После их разговора в самолете, он, вспоминая о ней, всегда думал одно и то же: что ее детская наивная уверенность в том, что, используя людей, она кем-то станет, несмотря на свою болезнь, однажды принесет ей большую боль и разочарование. И что лучше, как он, не врать себе и не строить песочные города, а смириться с судьбой и просто попробовать выжить.

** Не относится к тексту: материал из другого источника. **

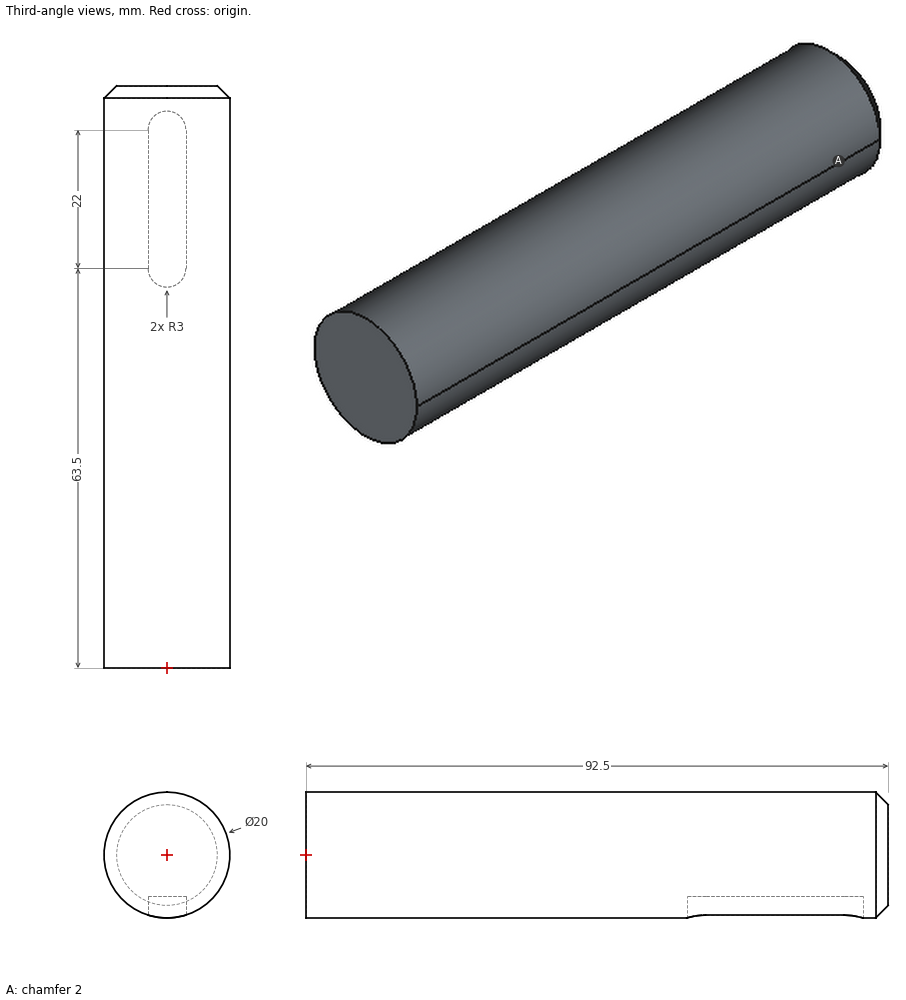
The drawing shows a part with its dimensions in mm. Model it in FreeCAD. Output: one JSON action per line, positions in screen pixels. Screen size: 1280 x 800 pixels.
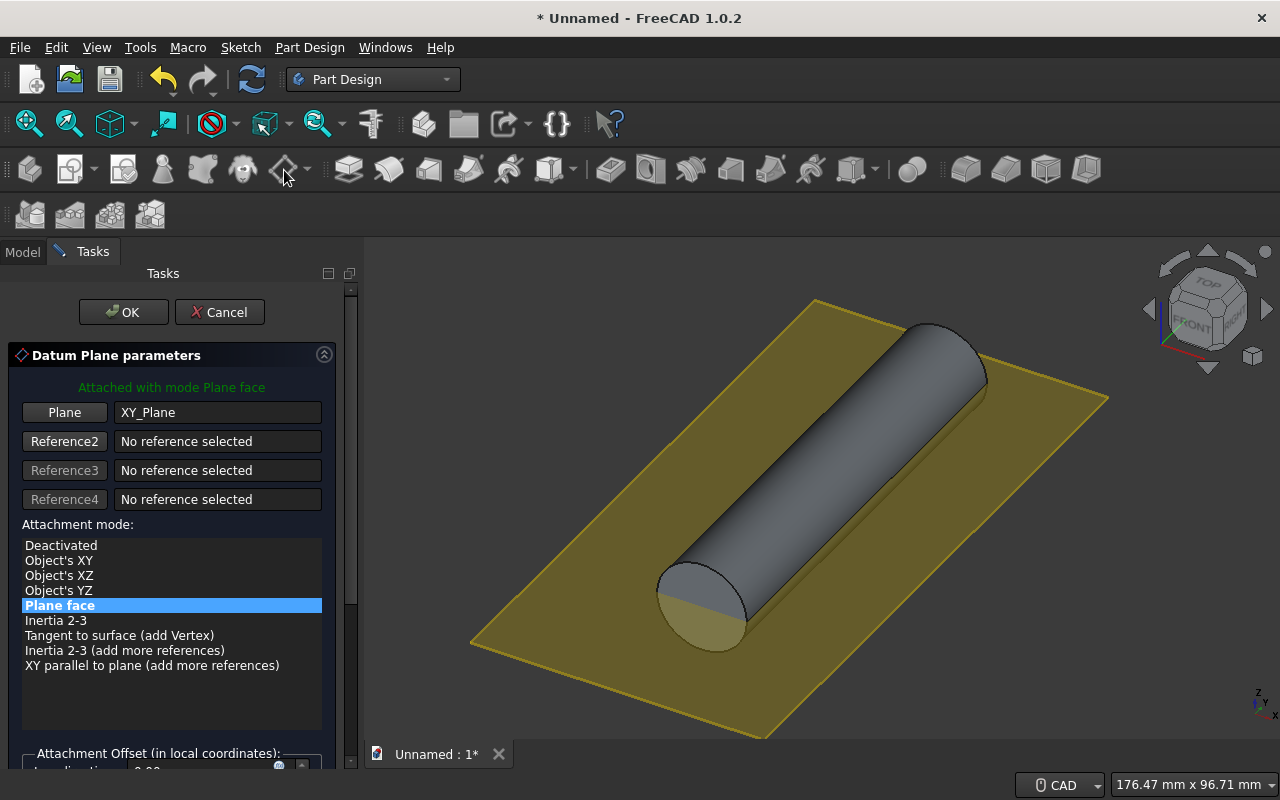
{"action": "scroll", "coordinate": [351, 526], "scroll_direction": "down", "scroll_amount": 3}

Теперь, встретив явно успешную, беспроблемную, красиво-уверенную в себе, пусть и – карликового роста, Катю, он не мог понять: он ли ошибочно представлял себе этот мир, или просто случайность то, что ей удалось все запланированное в жизни.
Поверить в случайность в жизни Кати он не мог – понимая, что и за его процесс она взялась не из-за материальной его стороны, он почти наверняка уже знал, что она, словно играет в эту жизнь, но только всегда по своим правилам. И выигрывает!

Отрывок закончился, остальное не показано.